名言の意味を考えて、偉人の知恵を自分のものにしよう!



 

 

考察


気を付けなければならないのは、『じっと我慢する』というのは、いささか究極的な考え方である。

 

うちの祖母は80歳を超えて、つまり戦争を経験しているわけだが、戦争体験者は特にこの意味をよく理解している。『じっと我慢する』しかないのだ。

 

終わるのを待つしかない。そういうことが現実にあるのだ。それに祖母の場合、娘が先に死んでしまい、息子は精神分裂病にかかった。彼女の人生は長い間、『我慢、我慢』の人生だっただろう。それにはとても同情する。その中で、幼少期は温かい愛情も与えてくれた。

 

だが、成長してから彼女と話をすると、彼女はまるで『無知』である。80歳を超えているからといって、身内だからといって私は絶対にえこひいきすることはない。

 

彼女はとても『無知』で、誤魔化している。そして『傲慢』で、クリスチャンのふりをして教会に20年以上通う割には、クリスチャンになり切れていない。

 

クリスチャン

 

彼女は傲慢で偉そうな態度を取ってしまった。クリスチャンであれば、自らのその罪を戒め、謙虚さを知る。何しろキリスト教の7つの大罪は、

 

強欲、暴食、色欲、嫉妬、憤怒、怠惰、そして『傲慢』なのである。

 

彼女は私が圧倒的な真理を味方につける、絶対不動の人間だという事を見誤った。そして『我慢、我慢』の悪い癖が出てしまった。つまり、『謝罪をしない』で『我慢』して、私の怒りが収まるのを待ってしまったのだ。だが私の前にはそれは絶対に通用しない。

 

だが同時に、一言『あの時はごめん』と言えば終わりだ。言わないなら、いくら『我慢』して、永久に待っても、許すことはない。それは、子孫への影響にも響くからだ。断固として私が思い上がりを許さないことで、教育が歪曲しない。
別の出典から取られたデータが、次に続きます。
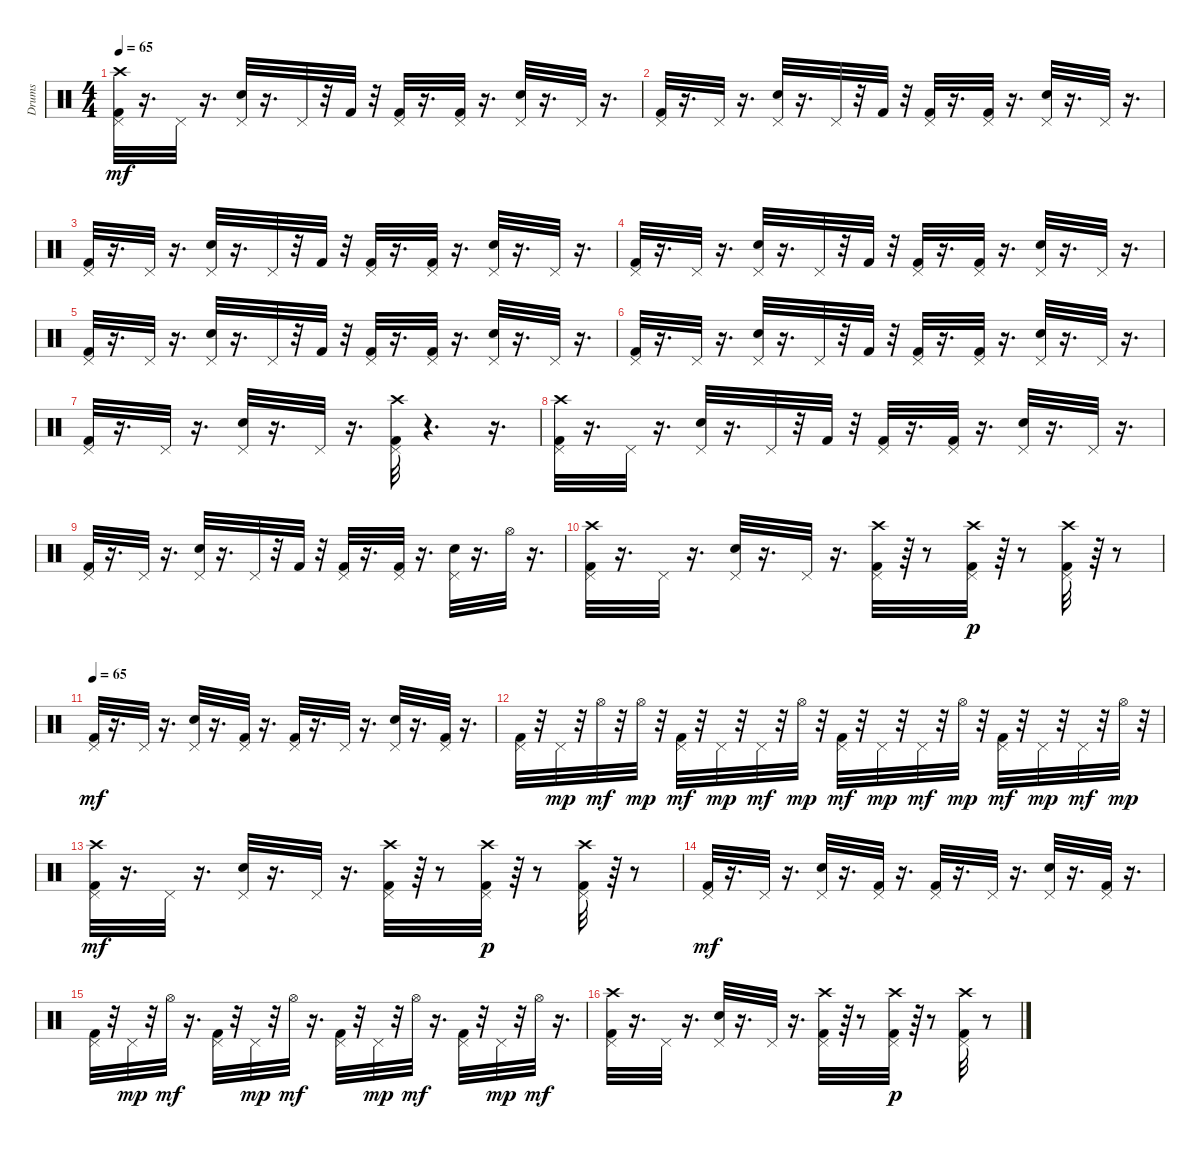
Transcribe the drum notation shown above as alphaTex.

\track ("Drums" "Drums") {instrument percussion}
\staff {score}
\articulation defaults
\ts (4 4)
\tempo 65
\clef neutral
\ks c
("Crash high (hit)" "Pedal Hi-Hat (hit)" "Kick (hit) 2").32{dy mf} r.16{d} "Pedal Hi-Hat (hit)".32 r.16{d} ("Snare (hit) 2" "Pedal Hi-Hat (hit)").32 r.16{d} "Pedal Hi-Hat (hit)".32 r.32 "Kick (hit) 2".32 r.32 ("Pedal Hi-Hat (hit)" "Kick (hit) 2").32 r.16{d} ("Pedal Hi-Hat (hit)" "Kick (hit) 2").32 r.16{d} ("Pedal Hi-Hat (hit)" "Snare (hit) 2").32 r.16{d} "Pedal Hi-Hat (hit)".32 r.16{d} |
("Pedal Hi-Hat (hit)" "Kick (hit) 2").32 r.16{d} "Pedal Hi-Hat (hit)".32 r.16{d} ("Snare (hit) 2" "Pedal Hi-Hat (hit)").32 r.16{d} "Pedal Hi-Hat (hit)".32 r.32 "Kick (hit) 2".32 r.32 ("Pedal Hi-Hat (hit)" "Kick (hit) 2").32 r.16{d} ("Pedal Hi-Hat (hit)" "Kick (hit) 2").32 r.16{d} ("Pedal Hi-Hat (hit)" "Snare (hit) 2").32 r.16{d} "Pedal Hi-Hat (hit)".32 r.16{d} |
("Pedal Hi-Hat (hit)" "Kick (hit) 2").32 r.16{d} "Pedal Hi-Hat (hit)".32 r.16{d} ("Snare (hit) 2" "Pedal Hi-Hat (hit)").32 r.16{d} "Pedal Hi-Hat (hit)".32 r.32 "Kick (hit) 2".32 r.32 ("Pedal Hi-Hat (hit)" "Kick (hit) 2").32 r.16{d} ("Pedal Hi-Hat (hit)" "Kick (hit) 2").32 r.16{d} ("Pedal Hi-Hat (hit)" "Snare (hit) 2").32 r.16{d} "Pedal Hi-Hat (hit)".32 r.16{d} |
("Pedal Hi-Hat (hit)" "Kick (hit) 2").32 r.16{d} "Pedal Hi-Hat (hit)".32 r.16{d} ("Snare (hit) 2" "Pedal Hi-Hat (hit)").32 r.16{d} "Pedal Hi-Hat (hit)".32 r.32 "Kick (hit) 2".32 r.32 ("Pedal Hi-Hat (hit)" "Kick (hit) 2").32 r.16{d} ("Pedal Hi-Hat (hit)" "Kick (hit) 2").32 r.16{d} ("Pedal Hi-Hat (hit)" "Snare (hit) 2").32 r.16{d} "Pedal Hi-Hat (hit)".32 r.16{d} |
("Pedal Hi-Hat (hit)" "Kick (hit) 2").32 r.16{d} "Pedal Hi-Hat (hit)".32 r.16{d} ("Snare (hit) 2" "Pedal Hi-Hat (hit)").32 r.16{d} "Pedal Hi-Hat (hit)".32 r.32 "Kick (hit) 2".32 r.32 ("Pedal Hi-Hat (hit)" "Kick (hit) 2").32 r.16{d} ("Pedal Hi-Hat (hit)" "Kick (hit) 2").32 r.16{d} ("Pedal Hi-Hat (hit)" "Snare (hit) 2").32 r.16{d} "Pedal Hi-Hat (hit)".32 r.16{d} |
("Pedal Hi-Hat (hit)" "Kick (hit) 2").32 r.16{d} "Pedal Hi-Hat (hit)".32 r.16{d} ("Snare (hit) 2" "Pedal Hi-Hat (hit)").32 r.16{d} "Pedal Hi-Hat (hit)".32 r.32 "Kick (hit) 2".32 r.32 ("Pedal Hi-Hat (hit)" "Kick (hit) 2").32 r.16{d} ("Pedal Hi-Hat (hit)" "Kick (hit) 2").32 r.16{d} ("Pedal Hi-Hat (hit)" "Snare (hit) 2").32 r.16{d} "Pedal Hi-Hat (hit)".32 r.16{d} |
("Pedal Hi-Hat (hit)" "Kick (hit) 2").32 r.16{d} "Pedal Hi-Hat (hit)".32 r.16{d} ("Snare (hit) 2" "Pedal Hi-Hat (hit)").32 r.16{d} "Pedal Hi-Hat (hit)".32 r.16{d} ("Crash high (hit)" "Pedal Hi-Hat (hit)" "Kick (hit) 2").32 r.4{d} r.16{d} |
("Crash high (hit)" "Pedal Hi-Hat (hit)" "Kick (hit) 2").32 r.16{d} "Pedal Hi-Hat (hit)".32 r.16{d} ("Snare (hit) 2" "Pedal Hi-Hat (hit)").32 r.16{d} "Pedal Hi-Hat (hit)".32 r.32 "Kick (hit) 2".32 r.32 ("Pedal Hi-Hat (hit)" "Kick (hit) 2").32 r.16{d} ("Pedal Hi-Hat (hit)" "Kick (hit) 2").32 r.16{d} ("Pedal Hi-Hat (hit)" "Snare (hit) 2").32 r.16{d} "Pedal Hi-Hat (hit)".32 r.16{d} |
("Pedal Hi-Hat (hit)" "Kick (hit) 2").32 r.16{d} "Pedal Hi-Hat (hit)".32 r.16{d} ("Snare (hit) 2" "Pedal Hi-Hat (hit)").32 r.16{d} "Pedal Hi-Hat (hit)".32 r.32 "Kick (hit) 2".32 r.32 ("Pedal Hi-Hat (hit)" "Kick (hit) 2").32 r.16{d} ("Pedal Hi-Hat (hit)" "Kick (hit) 2").32 r.16{d} ("Pedal Hi-Hat (hit)" "Snare (hit) 2").32 r.16{d} "Hi-Hat (open)".32 r.16{d} |
("Crash high (hit)" "Pedal Hi-Hat (hit)" "Kick (hit) 2").32 r.16{d} "Pedal Hi-Hat (hit)".32 r.16{d} ("Snare (hit) 2" "Pedal Hi-Hat (hit)").32 r.16{d} "Pedal Hi-Hat (hit)".32 r.16{d} ("Crash high (hit)" "Pedal Hi-Hat (hit)" "Kick (hit) 2").32 r.64 r.8 ("Kick (hit) 2" "Pedal Hi-Hat (hit)" "Crash high (hit)").32{dy p} r.64 r.8 ("Kick (hit) 2" "Pedal Hi-Hat (hit)" "Crash high (hit)").32 r.64 r.8 |
\tempo 65
("Pedal Hi-Hat (hit)" "Kick (hit) 2").32{dy mf} r.16{d} "Pedal Hi-Hat (hit)".32 r.16{d} ("Snare (hit) 2" "Pedal Hi-Hat (hit)").32 r.16{d} ("Kick (hit) 2" "Pedal Hi-Hat (hit)").32 r.16{d} ("Pedal Hi-Hat (hit)" "Kick (hit) 2").32 r.16{d} "Pedal Hi-Hat (hit)".32 r.16{d} ("Snare (hit) 2" "Pedal Hi-Hat (hit)").32 r.16{d} ("Kick (hit) 2" "Pedal Hi-Hat (hit)").32 r.16{d} |
("Kick (hit) 2" "Pedal Hi-Hat (hit)").32 r.32 "Pedal Hi-Hat (hit)".32{dy mp} r.32 "Hi-Hat (open)".32{dy mf} r.32 "Hi-Hat (open)".32{dy mp} r.32 ("Kick (hit) 2" "Pedal Hi-Hat (hit)").32{dy mf} r.32 "Pedal Hi-Hat (hit)".32{dy mp} r.32 "Pedal Hi-Hat (hit)".32{dy mf} r.32 "Hi-Hat (open)".32{dy mp} r.32 ("Kick (hit) 2" "Pedal Hi-Hat (hit)").32{dy mf} r.32 "Pedal Hi-Hat (hit)".32{dy mp} r.32 "Pedal Hi-Hat (hit)".32{dy mf} r.32 "Hi-Hat (open)".32{dy mp} r.32 ("Kick (hit) 2" "Pedal Hi-Hat (hit)").32{dy mf} r.32 "Pedal Hi-Hat (hit)".32{dy mp} r.32 "Pedal Hi-Hat (hit)".32{dy mf} r.32 "Hi-Hat (open)".32{dy mp} r.32 |
("Crash high (hit)" "Pedal Hi-Hat (hit)" "Kick (hit) 2").32{dy mf} r.16{d} "Pedal Hi-Hat (hit)".32 r.16{d} ("Snare (hit) 2" "Pedal Hi-Hat (hit)").32 r.16{d} "Pedal Hi-Hat (hit)".32 r.16{d} ("Crash high (hit)" "Pedal Hi-Hat (hit)" "Kick (hit) 2").32 r.64 r.8 ("Kick (hit) 2" "Pedal Hi-Hat (hit)" "Crash high (hit)").32{dy p} r.64 r.8 ("Kick (hit) 2" "Pedal Hi-Hat (hit)" "Crash high (hit)").32 r.64 r.8 |
("Pedal Hi-Hat (hit)" "Kick (hit) 2").32{dy mf} r.16{d} "Pedal Hi-Hat (hit)".32{volume 8} r.16{d} ("Snare (hit) 2" "Pedal Hi-Hat (hit)").32{volume 8} r.16{d} ("Kick (hit) 2" "Pedal Hi-Hat (hit)").32{volume 7} r.16{d} ("Pedal Hi-Hat (hit)" "Kick (hit) 2").32{volume 7} r.16{d} "Pedal Hi-Hat (hit)".32{volume 7} r.16{d} ("Snare (hit) 2" "Pedal Hi-Hat (hit)").32{volume 6} r.16{d} ("Kick (hit) 2" "Pedal Hi-Hat (hit)").32{volume 6} r.16{d} |
("Kick (hit) 2" "Pedal Hi-Hat (hit)").32{volume 6} r.32 "Pedal Hi-Hat (hit)".32{dy mp volume 5} r.32 "Hi-Hat (open)".32{dy mf volume 5} r.16{d} ("Kick (hit) 2" "Pedal Hi-Hat (hit)").32{volume 5} r.32 "Pedal Hi-Hat (hit)".32{dy mp volume 5} r.32 "Hi-Hat (open)".32{dy mf volume 5} r.16{d} ("Kick (hit) 2" "Pedal Hi-Hat (hit)").32{volume 4} r.32 "Pedal Hi-Hat (hit)".32{dy mp volume 4} r.32 "Hi-Hat (open)".32{dy mf volume 4} r.16{d} ("Kick (hit) 2" "Pedal Hi-Hat (hit)").32{volume 4} r.32 "Pedal Hi-Hat (hit)".32{dy mp volume 4} r.32 "Hi-Hat (open)".32{dy mf volume 3} r.16{d} |
("Crash high (hit)" "Pedal Hi-Hat (hit)" "Kick (hit) 2").32{volume 3} r.16{d} "Pedal Hi-Hat (hit)".32{volume 3} r.16{d} ("Snare (hit) 2" "Pedal Hi-Hat (hit)").32{volume 2} r.16{d} "Pedal Hi-Hat (hit)".32{volume 2} r.16{d} ("Crash high (hit)" "Pedal Hi-Hat (hit)" "Kick (hit) 2").32{volume 2} r.64 r.8 ("Kick (hit) 2" "Pedal Hi-Hat (hit)" "Crash high (hit)").32{dy p volume 1} r.64 r.8 ("Kick (hit) 2" "Pedal Hi-Hat (hit)" "Crash high (hit)").32{volume 1} r.8

確かに彼女が強いられた人生には、心から同情する。しかし、それとこれとは別だ。

 

いつまでも続く不幸はない。じっと我慢すればいずれはそれも終わるだろう。だがそれは、『死ぬ』ということだ。『生きていて解決できなかった悩みから解放される』というだけのことだ。

 

彼女はまだ生きている。私はいつでも、たったの一言さえ謝罪が出れば、すぐに許す体制が整っている。しかし彼女はそれが出来ない。無駄な手土産か何かを買ってきて機嫌を取るぐらいのことしか出来ない。

 

その年齢でそんなことをする金があるなら、エアコン代が払えないで熱中症で死んでしまう高齢者に対して寄付をすることを考えた方が良い。クリスチャンであることを自負するなら、なおの事そうしなければならない。『勇気を出して(不幸の源を)追い払う』これが出来なければ、人生の間に不幸から脱することは出来ないのだ。

 

『スマグラー』という映画がある。


 


『闇金ウシジマくん』の作者が描いた原作を元にした映画だ。



この彼も『じっと不幸がいなくなるのを待つ』人間だった。言い訳して、誤魔化して、逃げて逃げて、嘘ついてを繰り返す。しかしそれではいつまで経っても道が開くことはなかった。それどころか、先延ばしにしたツケが回ってきて、痛い目に合うのだ。そして死ぬ寸前まで追い込まれる。

 

その時彼がとった行動は?今回のテーマに非常に関係のある結末を観ることが出来るだろう。

 

 

追記:祖母はこの後、私に謝罪できた。詳細は、

 

黄金律

『人間の知性の高さと器の大きさは、受け入れなければならない事実に直面した時の、受け入れる時間の長さに反比例する。』

 

 

この記事に書いた。88歳のときだった。

 

 

 

 

 

※この文章は全てオーナー独自の『名言を通した見解』です。一つの参考として解釈し、言葉と向き合い内省し、名言を自分のものにしましょう。

著者:一瀬雄治 (Yuji Ichise)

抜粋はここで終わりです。